BRIEF: Pick out each line in these entries that contains the string "cuboid".

DATA FOR THIS EXERCISE:
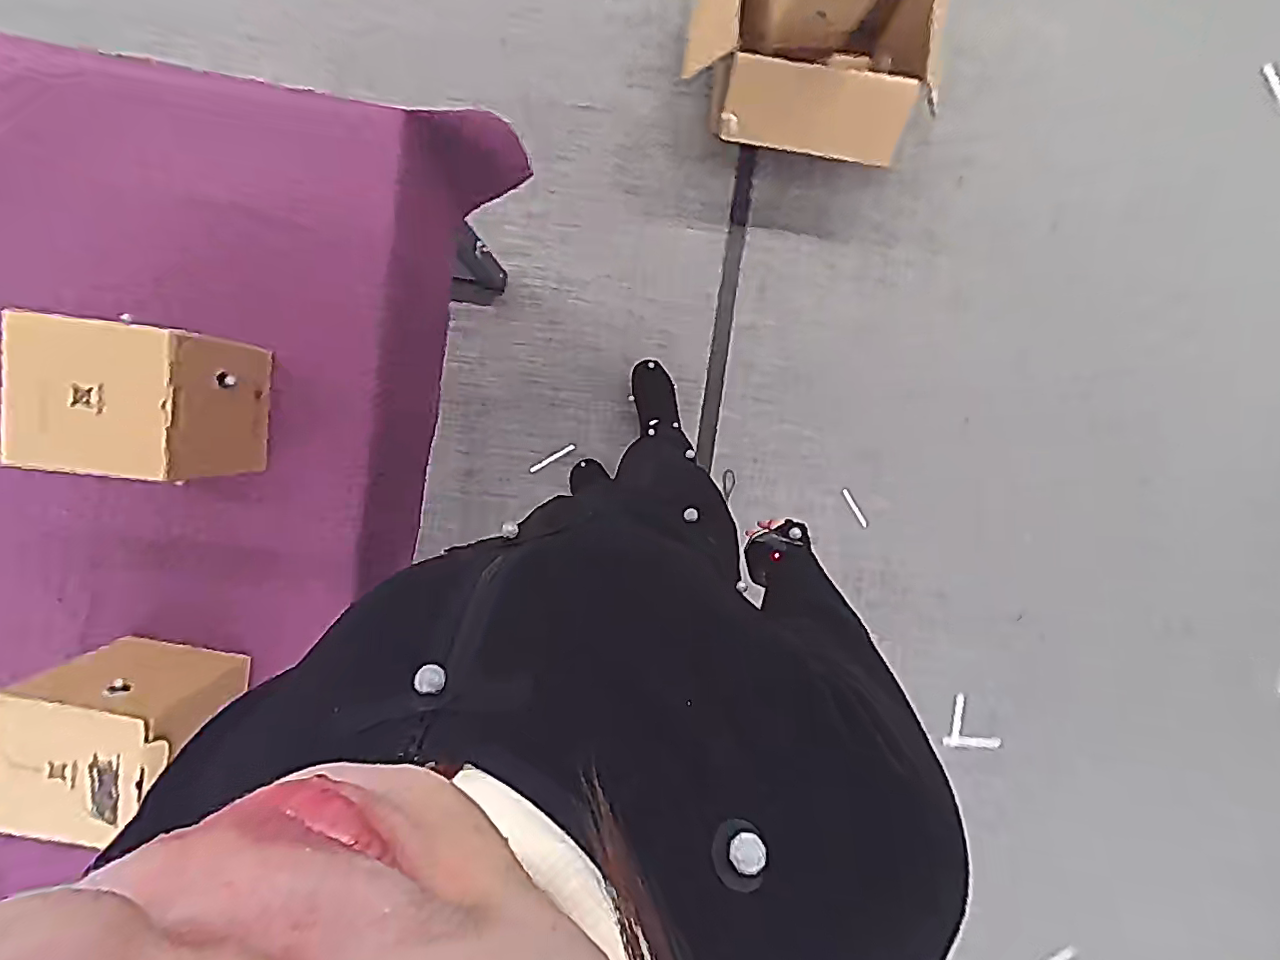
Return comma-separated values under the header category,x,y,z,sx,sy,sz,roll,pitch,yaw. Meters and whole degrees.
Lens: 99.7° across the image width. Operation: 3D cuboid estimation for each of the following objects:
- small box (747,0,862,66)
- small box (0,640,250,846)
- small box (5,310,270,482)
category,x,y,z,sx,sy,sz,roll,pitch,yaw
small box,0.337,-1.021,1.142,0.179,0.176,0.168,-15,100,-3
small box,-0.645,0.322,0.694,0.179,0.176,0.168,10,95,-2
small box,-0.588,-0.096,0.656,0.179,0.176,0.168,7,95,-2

---

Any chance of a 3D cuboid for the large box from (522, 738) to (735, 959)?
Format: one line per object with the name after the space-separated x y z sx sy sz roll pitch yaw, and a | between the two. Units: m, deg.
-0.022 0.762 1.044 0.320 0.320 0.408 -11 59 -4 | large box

WRITTEN SOLUTION:
Lens: 99.7° across the image width. Operation: 3D cuboid estimation for each of the following objects:
Any chance of a 3D cuboid for the large box from (522, 738) to (735, 959)?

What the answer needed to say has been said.